Taking Slides

A faded DaguerrotypeA faded Daguerrotype

As a continuation of my earlier post about photographic techniques, let me blatantly take sides in a historical battle and express my love for the Daguerrotype: This intricate process that fixes silver crystals to a plate not only results in beautiful images, but in an incredible degree of detail.

From an older article by Michelle Nijhuis on The New Yorker:

Daguerreotypes are still cherished for their eerie clarity—each plate in an 1848 series of photographs of the Cincinnati waterfront, for example, is equivalent to a hundred-forty-thousand-megapixel photo. They are so detailed that a viewer can distinguish the time on a clock tower, German names on storefronts, and underwear hanging from apartment clotheslines.

Why, then, are Daguerrotype not more widely seen or used? In part because photographic paper turned out to be more practical. And in part because the images were too fragile:

While some daguerreotypes do survive today in excellent condition—even some of the earliest examples, such as a photograph that Daguerre presented to the Austrian chancellor in 1839, are in good shape—other images now seem to be slowly fogging and darkening, even when protected from tarnish under a layer of glass.

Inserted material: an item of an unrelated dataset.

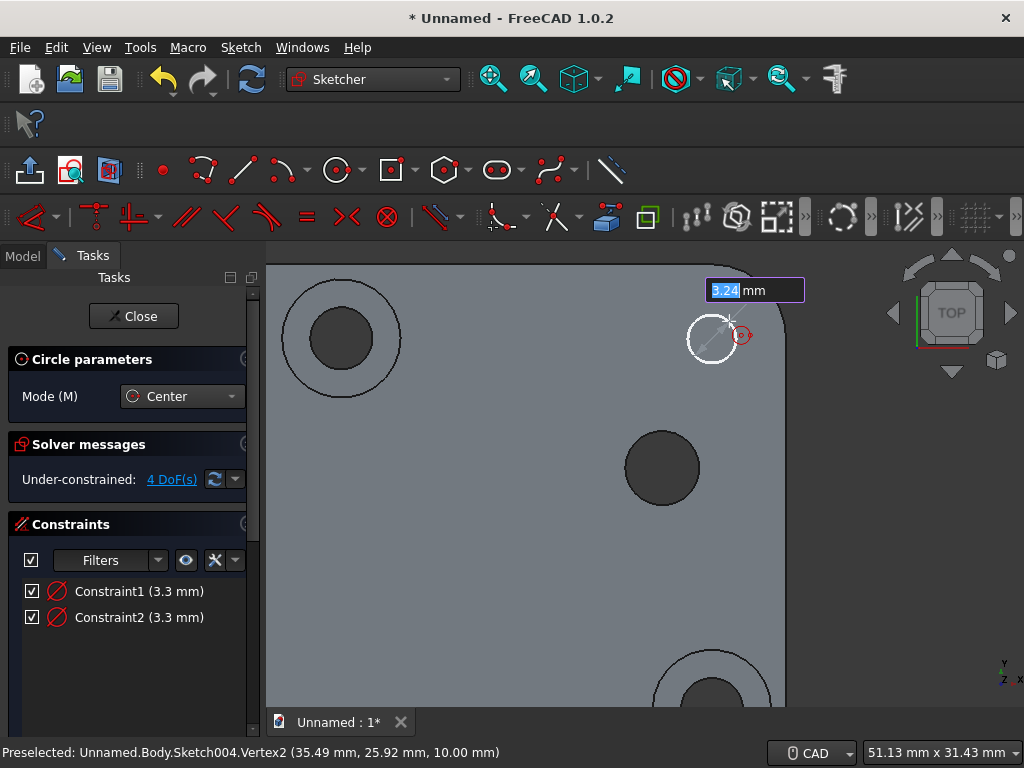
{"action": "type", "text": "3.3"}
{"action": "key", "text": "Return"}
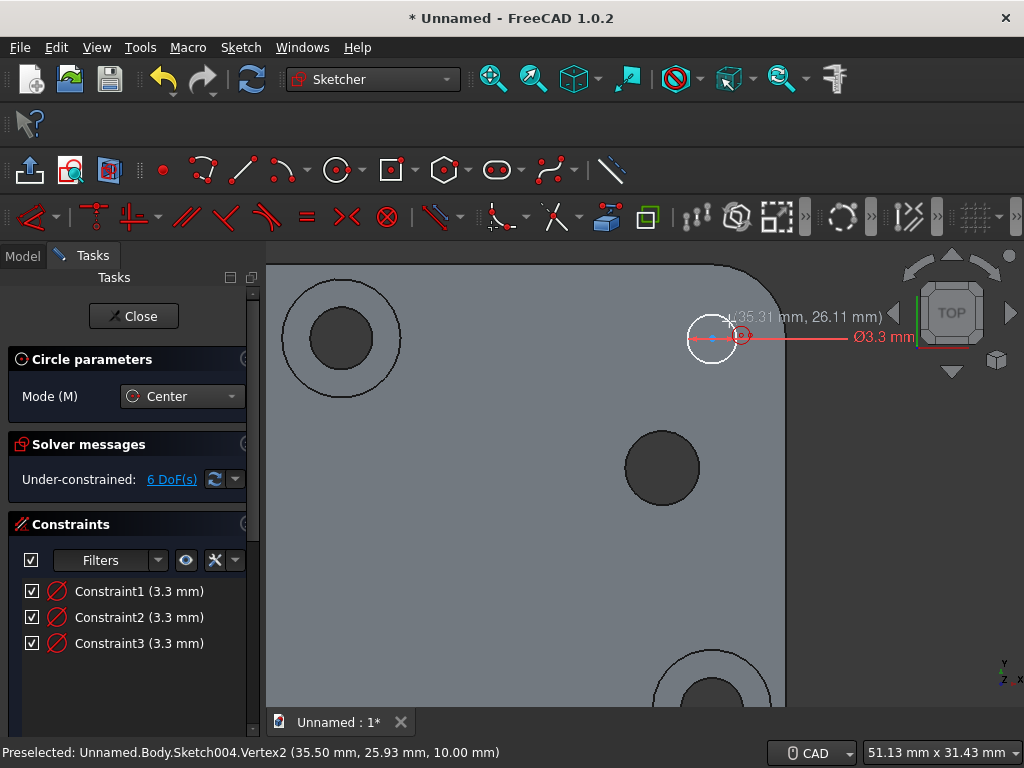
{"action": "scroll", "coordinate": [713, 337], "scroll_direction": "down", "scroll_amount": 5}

This quote really gets to me:

If you put your daguerreotypes in an inert atmosphere, in the dark, at zero degrees centigrade, maybe they’ll last for a thousand years,” said Grant Romer, a former Eastman conservator and a daguerreotype specialist. But what’s the use of having them if you can’t see them?”

So while many of the Daguerrotypes that still exist may be the only surviving documents of a very specific period of time, their fragility means that exposure to light and environmental factors—in short, time—means they will slowly disappear.

The silver lining, if you will, is that even disappearing memories become entirely new artifacts—as illustrated by these examples of faded Daguerrotypes collected by The Public Domain Review.